Protest Against Canadia Bank Sparks Negotiations

A peaceful protest by dozens of res­idents of Rik Reay village Tues­day morning at Canadia Bank on Street 108 was well-received by bank officials and prompted negotiations with villagers, who claim their land is being grabbed by the bank.

The hour-long protest was followed by a roundtable discussion open to media at the Community Legal Education Center, which in­volved representatives from Cana­dia Bank, private construction company Borei Otyean Bassac and the village, which is located in Phnom Penh’s Chamkar Mon district.

Rights workers and villagers said the discussions mark significant pro­gress and stand in stark contrast to several violent incidents that re­cently erupted at Rik Reay be­tween villagers and construction workers.

“Now we can say our first stage was successful…. We need further discussion, and we do need representatives from Canadia Bank and Borei Otyean Bassac to take a trip to the community to witness the hard situation there,” said Keo Nav­an, villager representative.

Phann Sithan, secretary-general of the Housing Rights Task Force, called it “a good example” that bodes well for other communities facing the threat of eviction who might be afraid to protest.

At the roundtable, Roth Kum­nith, Canadia Bank legal adviser, said he was unaware of the Rik Reay disputes or any violence at the site until protesting villagers informed him.

He denied Canadia was directly involved in development at Rik Reay—saying they only finance Borei Otyean Bassac which is developing the area—but said he is hopeful a compromise can be reached.

“I have no idea what kinds of development villagers in Rik Reay com­munity prefer.

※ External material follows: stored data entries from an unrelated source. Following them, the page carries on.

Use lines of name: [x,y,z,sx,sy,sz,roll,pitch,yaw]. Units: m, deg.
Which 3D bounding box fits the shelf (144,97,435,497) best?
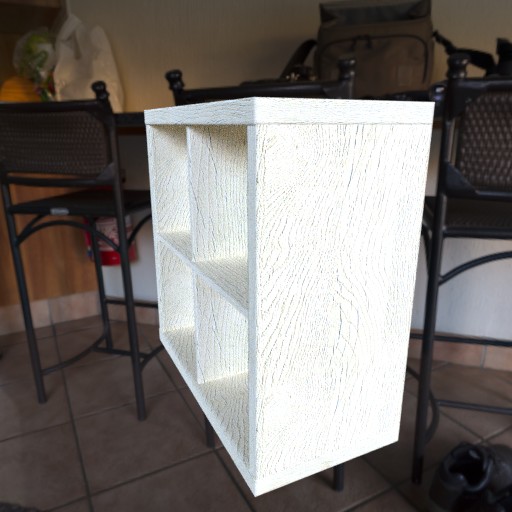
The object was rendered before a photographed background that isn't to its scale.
shelf: [0.000,0.000,1.234,0.390,0.786,0.790,-8,18,-25]
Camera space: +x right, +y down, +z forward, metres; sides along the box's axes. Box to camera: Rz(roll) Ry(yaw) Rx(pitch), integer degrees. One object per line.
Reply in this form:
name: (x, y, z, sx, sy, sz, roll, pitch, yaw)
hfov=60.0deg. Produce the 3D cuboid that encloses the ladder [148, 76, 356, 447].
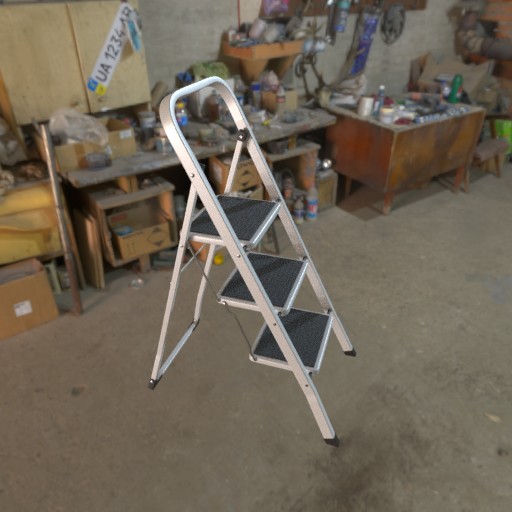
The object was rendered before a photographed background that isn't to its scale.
ladder: (0.000, 0.000, 1.445, 0.711, 1.050, 0.460, 10, 32, 16)
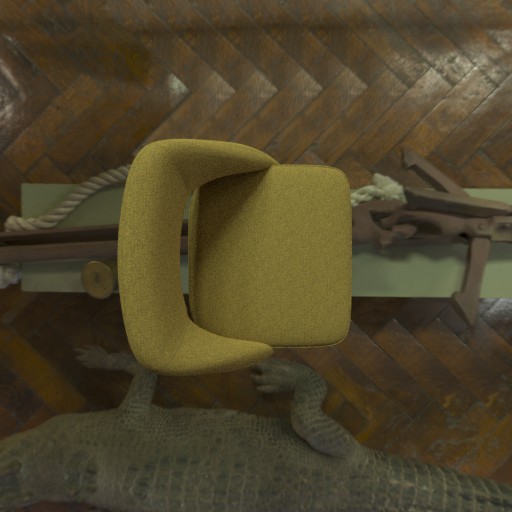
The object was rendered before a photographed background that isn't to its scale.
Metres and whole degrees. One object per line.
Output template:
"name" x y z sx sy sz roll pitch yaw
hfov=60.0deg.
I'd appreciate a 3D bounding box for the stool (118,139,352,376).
"stool" 0.000 0.000 1.275 0.522 0.939 0.536 0 91 0
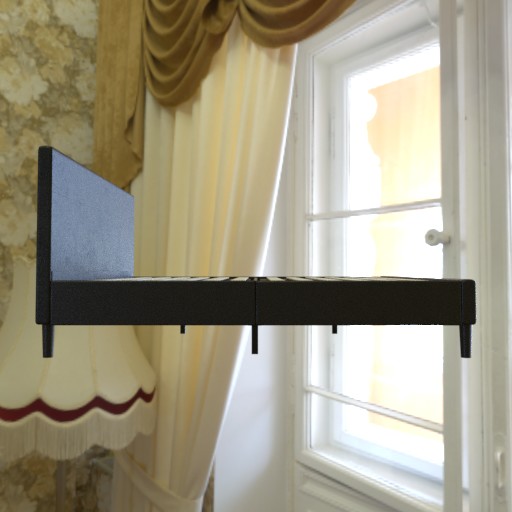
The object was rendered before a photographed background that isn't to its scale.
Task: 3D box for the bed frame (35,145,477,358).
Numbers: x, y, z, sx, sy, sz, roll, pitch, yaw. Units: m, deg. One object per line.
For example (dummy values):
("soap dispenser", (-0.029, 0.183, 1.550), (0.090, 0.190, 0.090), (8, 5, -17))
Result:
("bed frame", (0.000, 0.000, 2.899), (2.152, 1.046, 1.469), (0, -2, 0))
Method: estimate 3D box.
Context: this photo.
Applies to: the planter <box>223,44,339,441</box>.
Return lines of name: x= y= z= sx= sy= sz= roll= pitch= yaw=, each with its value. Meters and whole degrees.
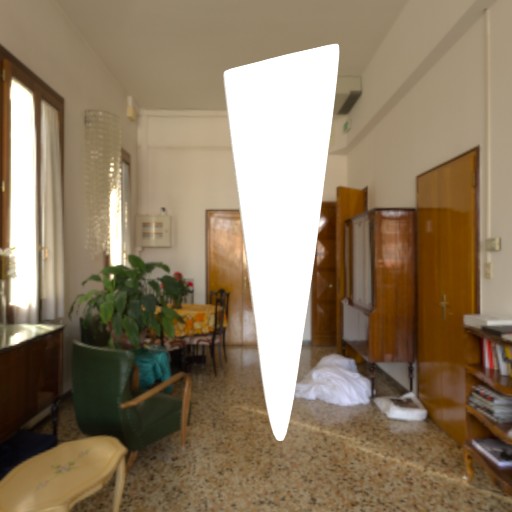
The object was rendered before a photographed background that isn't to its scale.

Whether they want to sell the land and move to live in another area, or whether they want on-site development,” he said at Tuesday’s meeting.

“[Wednesday], we will meet again to find out the villagers’ need,” he said, adding he would visit the site today.

Villagers denied that they initiated the violence. “Those workers used slingshot, tractors, wooden sticks and knives to hurt villagers,” said villager Heng Samphors.

“Our people are really upset when Canadia Bank and representatives from Borei Otyean Bassac claim innocence over the repeated violence,” he said, adding that he couldn’t say yet what kind of development deal would most suit the community and the first priority was to put a stop to the violence.

“We cannot speak out yet whether we need to sell the land or prefer the on-site development…. The initial need is to stop the violence,” he said.